What scared away all but one of the potential bidders in RealD? That’s still unclear, although a new SEC filing from the 3D technology company cites others’ concerns about “perceived risks around consumer appetite for 3D films,” as well as fears that theaters might not renew their deals to license RealD technology.
Early this month RealD wrapped up a hunt for a buyer, which began in February, by accepting Rizvi Traverse Management’s offer of $551 million, including assumption of debt.
A preliminary proxy ahead of a shareholder vote on the deal says that 71 companies expressed an interest after February. Of that group, 36 signed non-disclosure agreements to receive confidential financial information. By mid-April just one strategic buyer and four financial ones submitted non-binding initial indications of interest in buying RealD.
Over the summer all but Rizvi backed away.
B. Riley analyst Eric Wold says it appears that most of the bidders were scared off by something they learned “that was not available to those outside the company.”

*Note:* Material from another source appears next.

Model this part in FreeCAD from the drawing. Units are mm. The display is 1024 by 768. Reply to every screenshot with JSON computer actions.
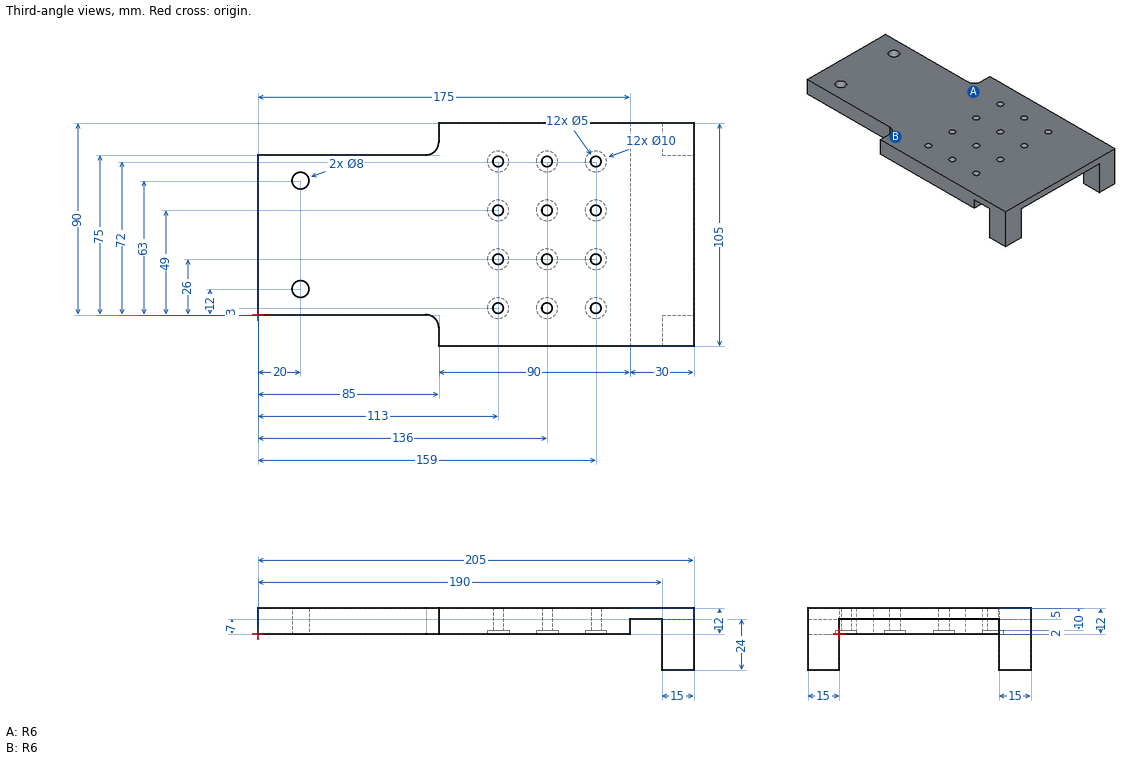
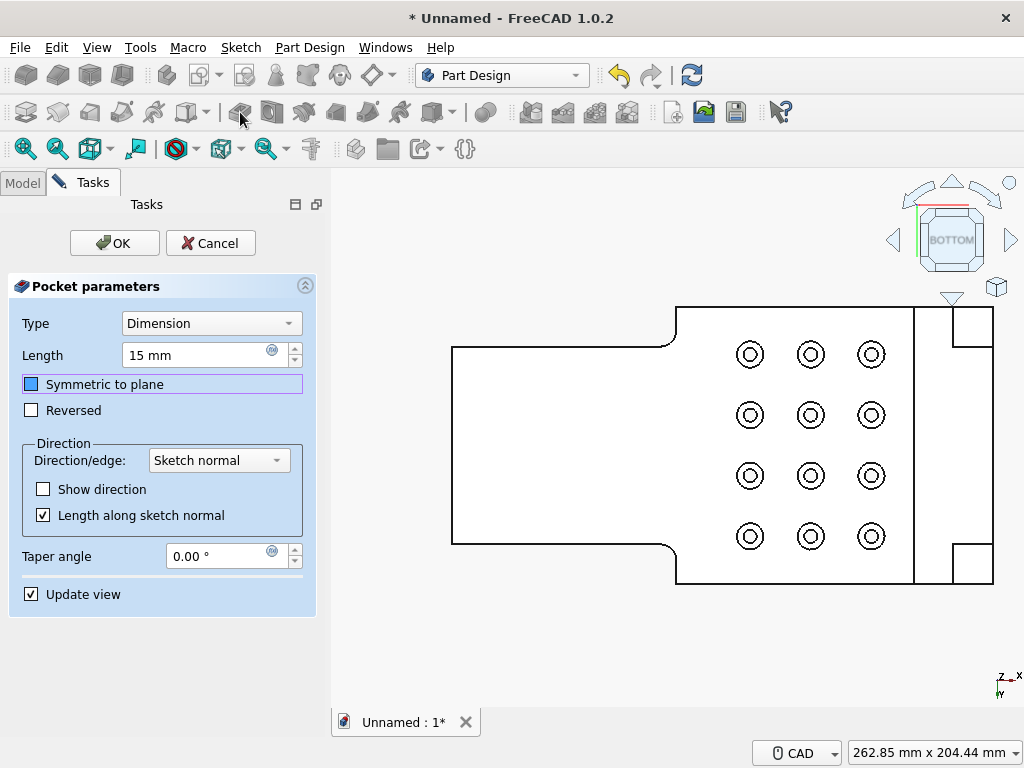
{"action": "left_click", "coordinate": [30, 410]}

That might have included a fear that the three biggest theater chains might not renew their contracts, or demand big concessions, in 2018. Wold says he “would not be surprised if that played a role in potential buyers’ decisions to drop out of the process.”
He was struck that activist investor Jeffrey Smith’s Starboard Value declined to participate in the auction after making a non-binding offer of $12 a share in October 2014. Now, a sale to Rizvi “should prove to be the closure of this story.”
RealD CEO Michael Lewis, who controls about 12.5% of its shares, has agreed to rollover his shares to Rizvi. He’ll become a member of its board of managers, and one of its officers. The new gig guarantees an annual base salary of $1 million, a target bonus of 120% of base salary, and an opportunity to participate in an equity compensation plan.
He also stands to benefit from a $7.6 million so-called golden parachute since, under the terms of the deal, RealD execs “will be terminated by the Company without ’cause'” when the merger takes place. Lewis’ take consists of $3.9 million in cash, $3.6 million in equity (mostly unvested stock options and awards), and $12,913 in benefits — primarily 18 months of COBRA health coverage.
The buyers also agreed to offer him a $6 million revolving loan.
At the meeting to endorse the deal, shareholders will be able to provide a non-binding advisory vote on the compensation for Lewis and other top executives.